Celtic TV

Ownership
- Owner: Celtic F.C. Setanta Sports (TV channel)

History
- Launched: 26 July 2004 (TV channel) 2011 (Streaming Service)
- Closed: 23 June 2009 (TV channel)

Links
- Website: www.celticfc.tv

= Celtic TV =

Celtic TV is a British premium streaming service devoted to coverage of the Scottish football club Celtic F.C. From 2004-2009, Celtic TV existed as a sports television channel operated by Irish Sports broadcasting company Setanta Sports.

==History==
Launched in July 2004 alongside its Old Firm counterpart Rangers TV, Celtic TV was operated by the Irish company Setanta Sports and was available on satellite and cable platforms in the UK and Ireland. The channel only broadcast on weekdays, and did not broadcast on weekends.

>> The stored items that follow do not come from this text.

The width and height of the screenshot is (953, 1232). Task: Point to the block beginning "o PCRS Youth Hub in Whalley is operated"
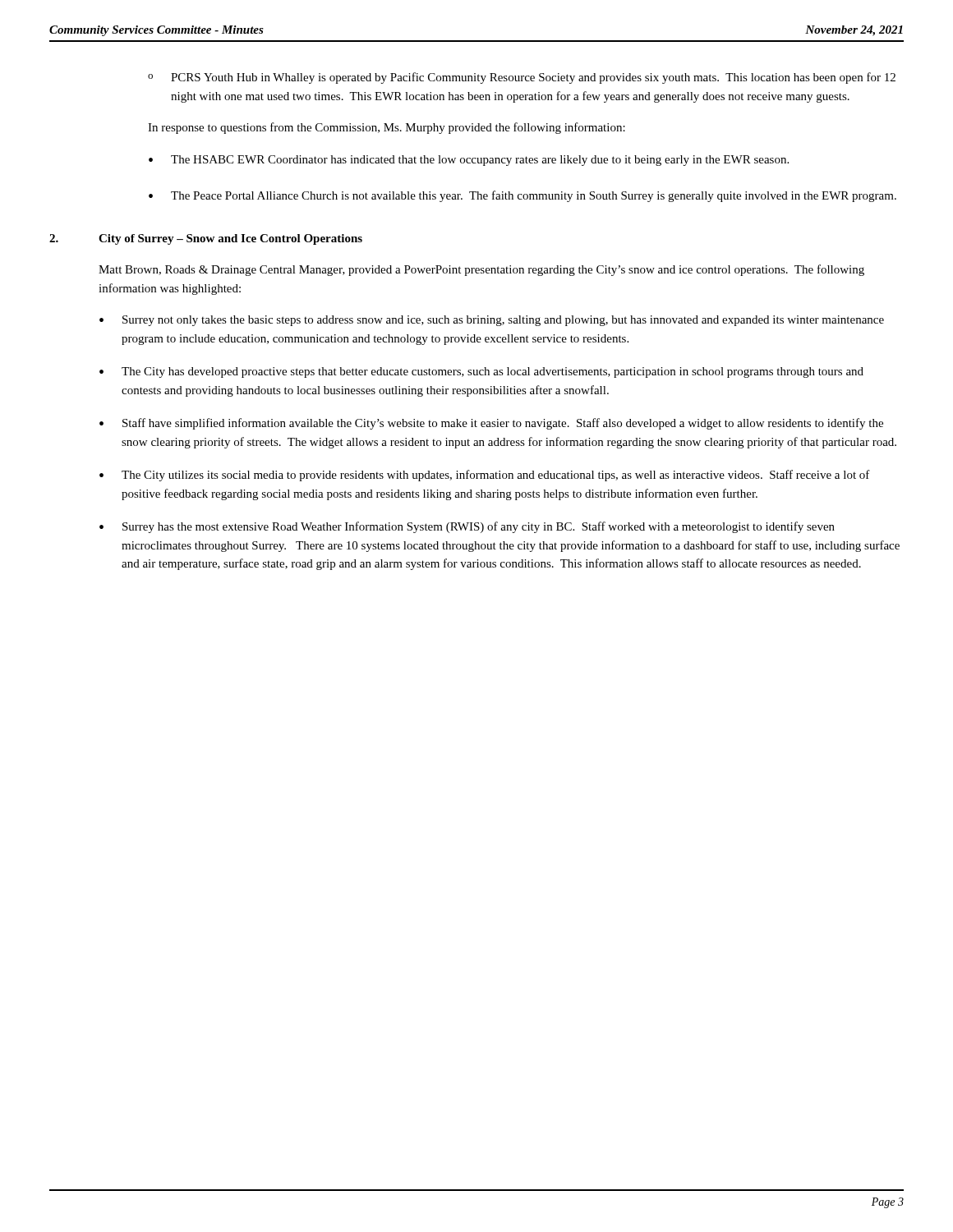(x=526, y=87)
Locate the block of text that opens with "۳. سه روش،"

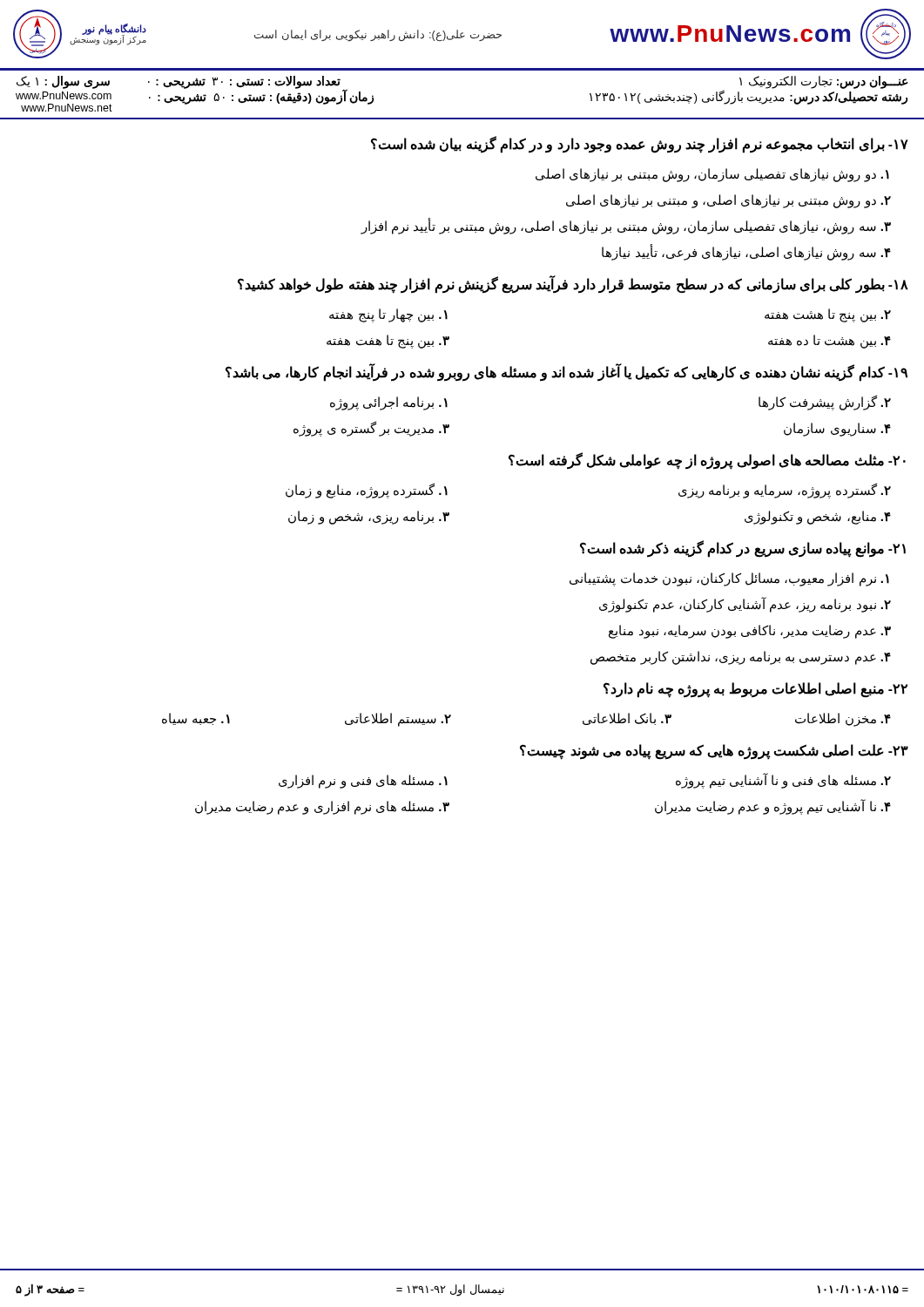(x=626, y=226)
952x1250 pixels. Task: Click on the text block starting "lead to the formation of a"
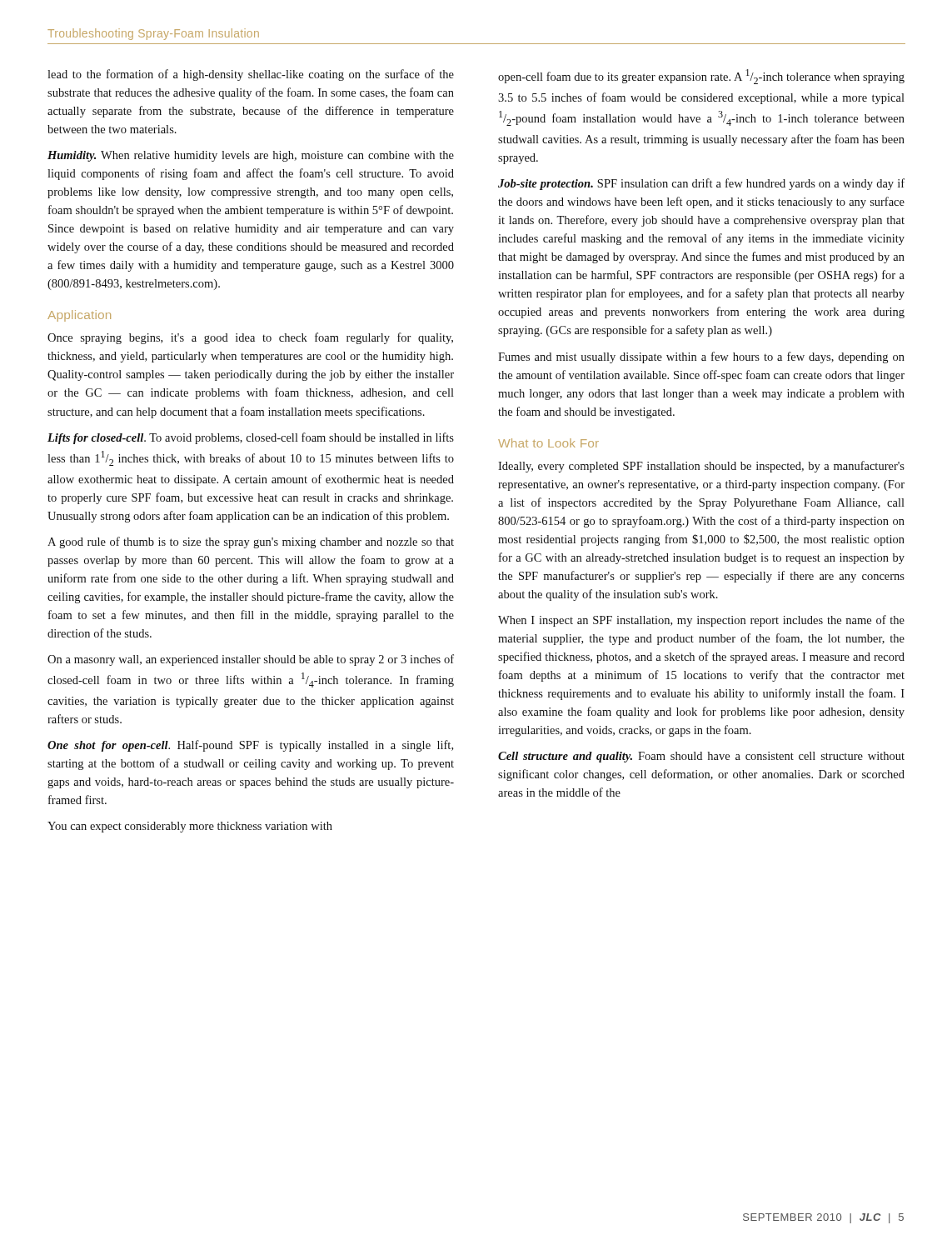[x=251, y=102]
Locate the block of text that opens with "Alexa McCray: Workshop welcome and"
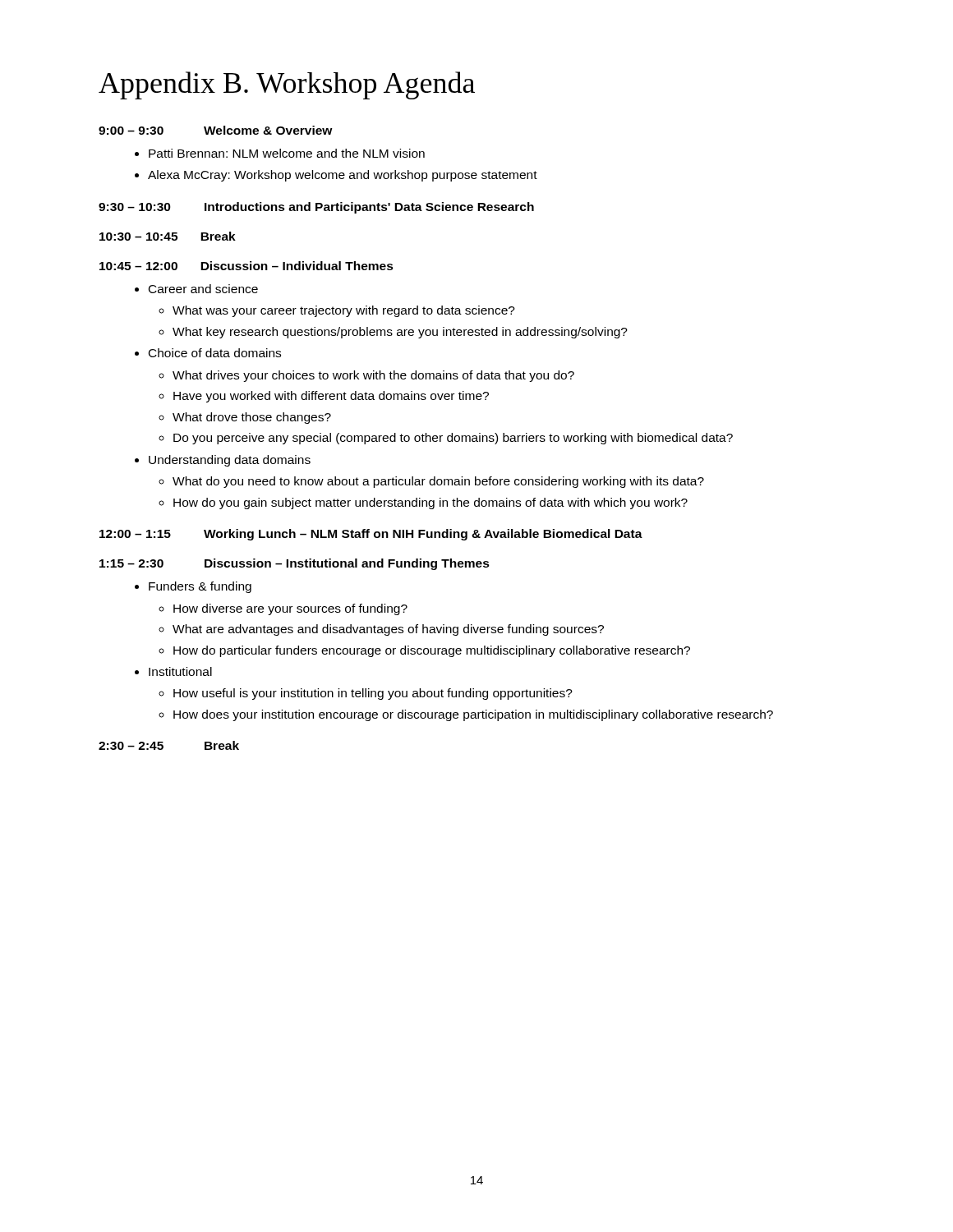 (342, 175)
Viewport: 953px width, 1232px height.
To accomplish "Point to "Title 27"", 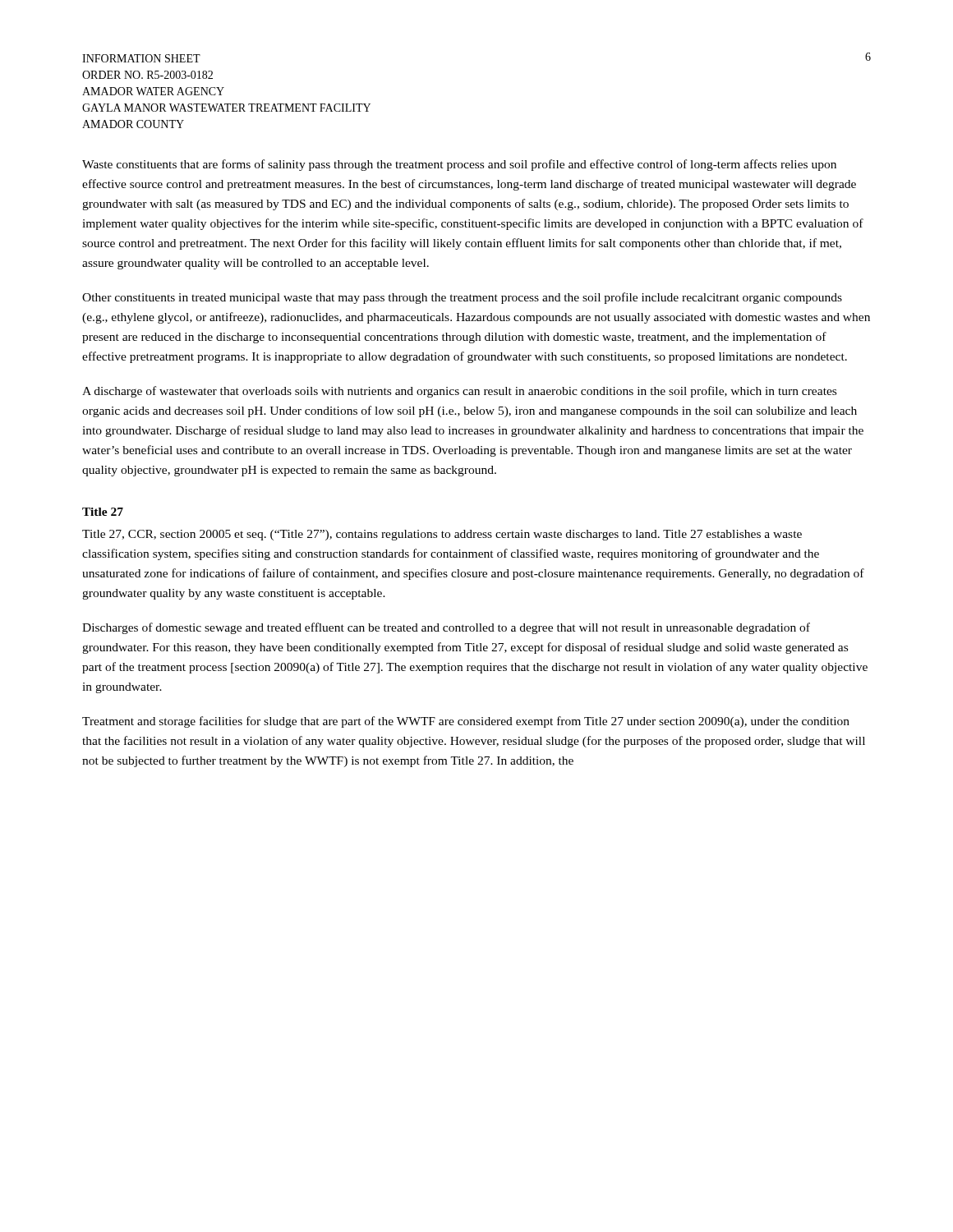I will 103,511.
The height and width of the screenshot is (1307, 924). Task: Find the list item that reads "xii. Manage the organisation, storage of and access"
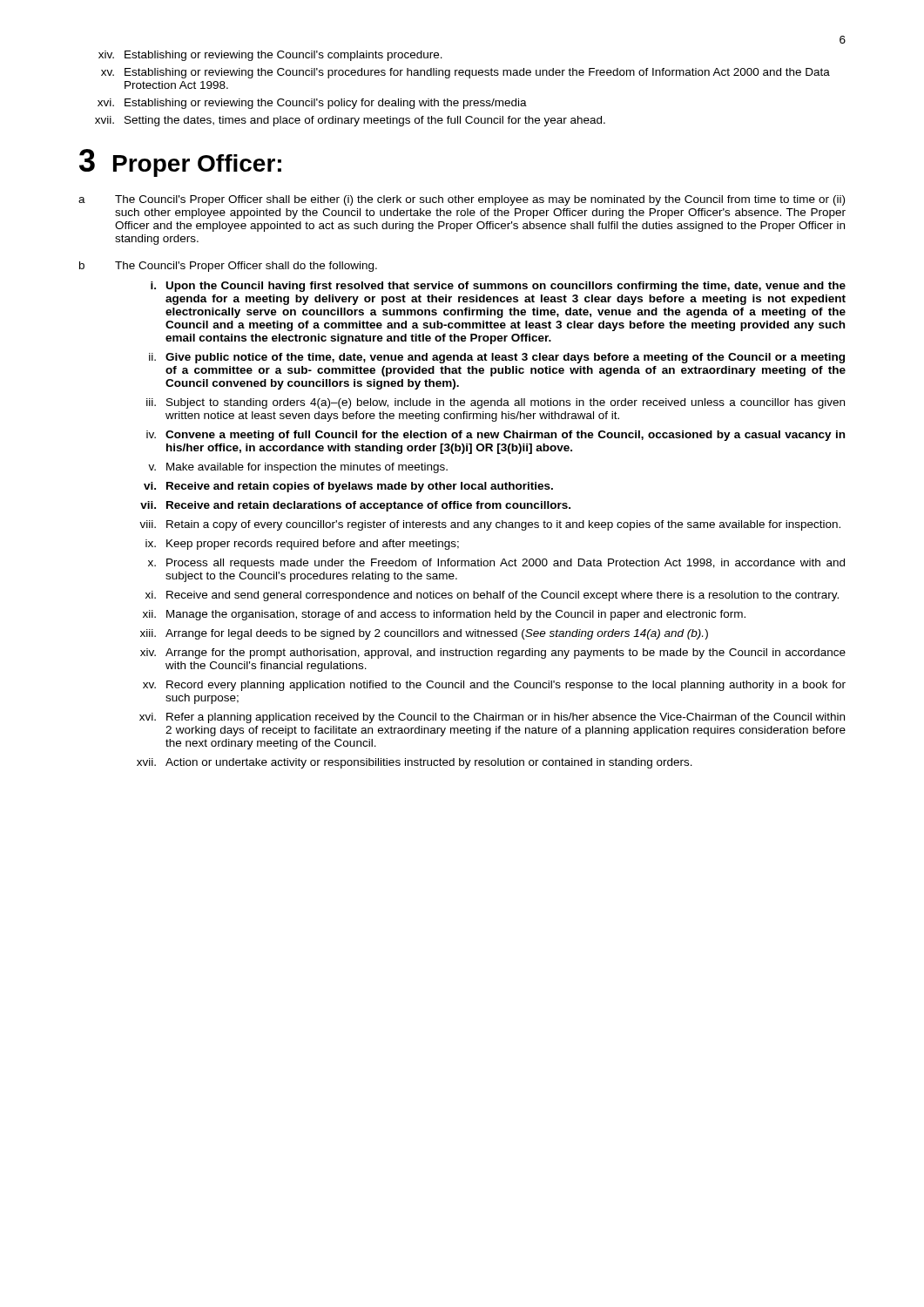(x=480, y=614)
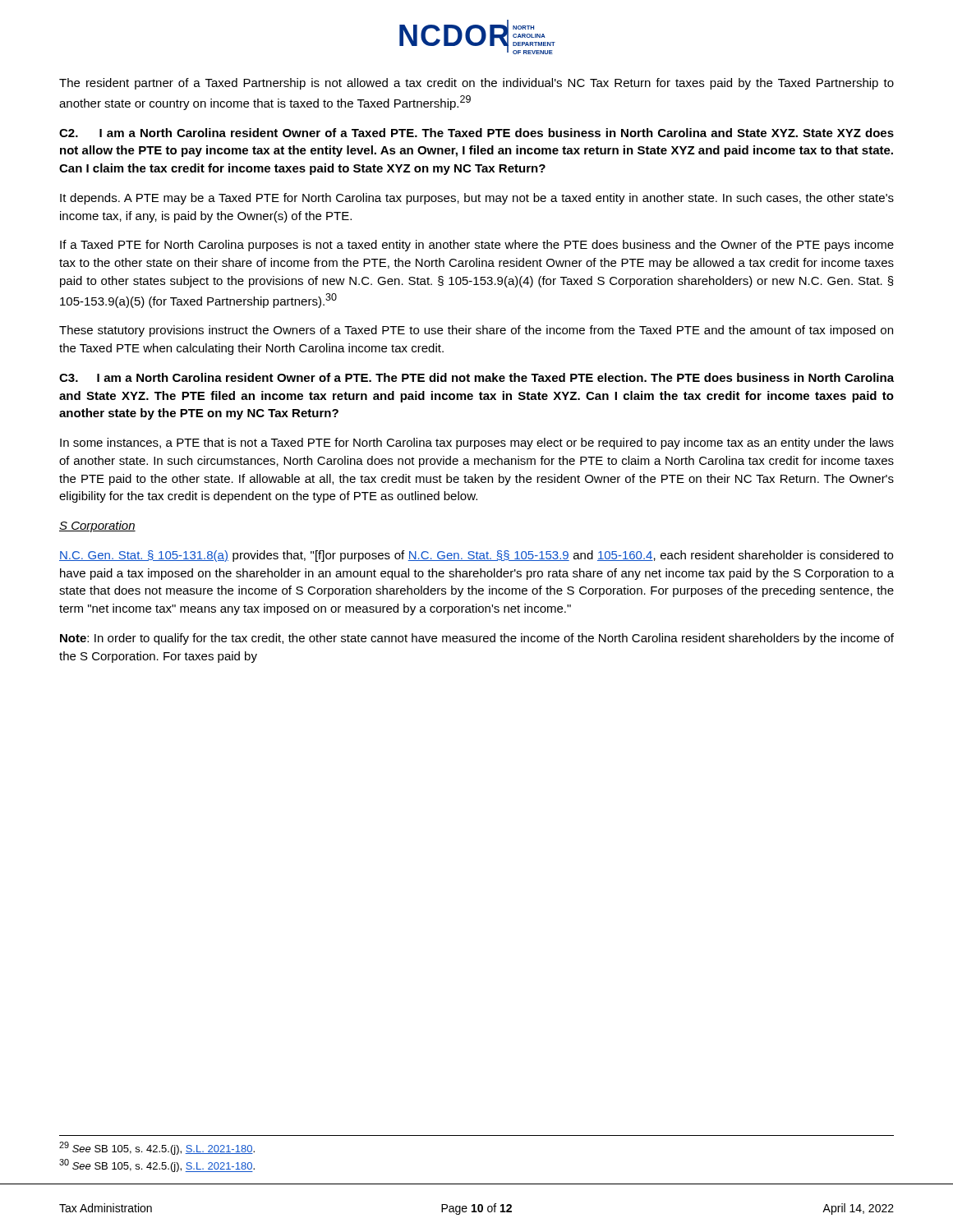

The channel closed on 23 June 2009 with the rest of Setanta's networks, following the broadcaster's financial difficulties and collapse into administration in the United Kingdom. The following day, Celtic F.C. announced that the network would remain closed until a new rights holder to continue broadcasting the channel would be negotiated.

While the channel never returned on air, the club rebranded its Channel 67 online audio and video channel as Celtic TV in 2011. The current incarnation of the channel stands as the official digital streaming platform of Celtic F.C. and offers fans exclusive content, live match coverage, and in-depth features and interviews.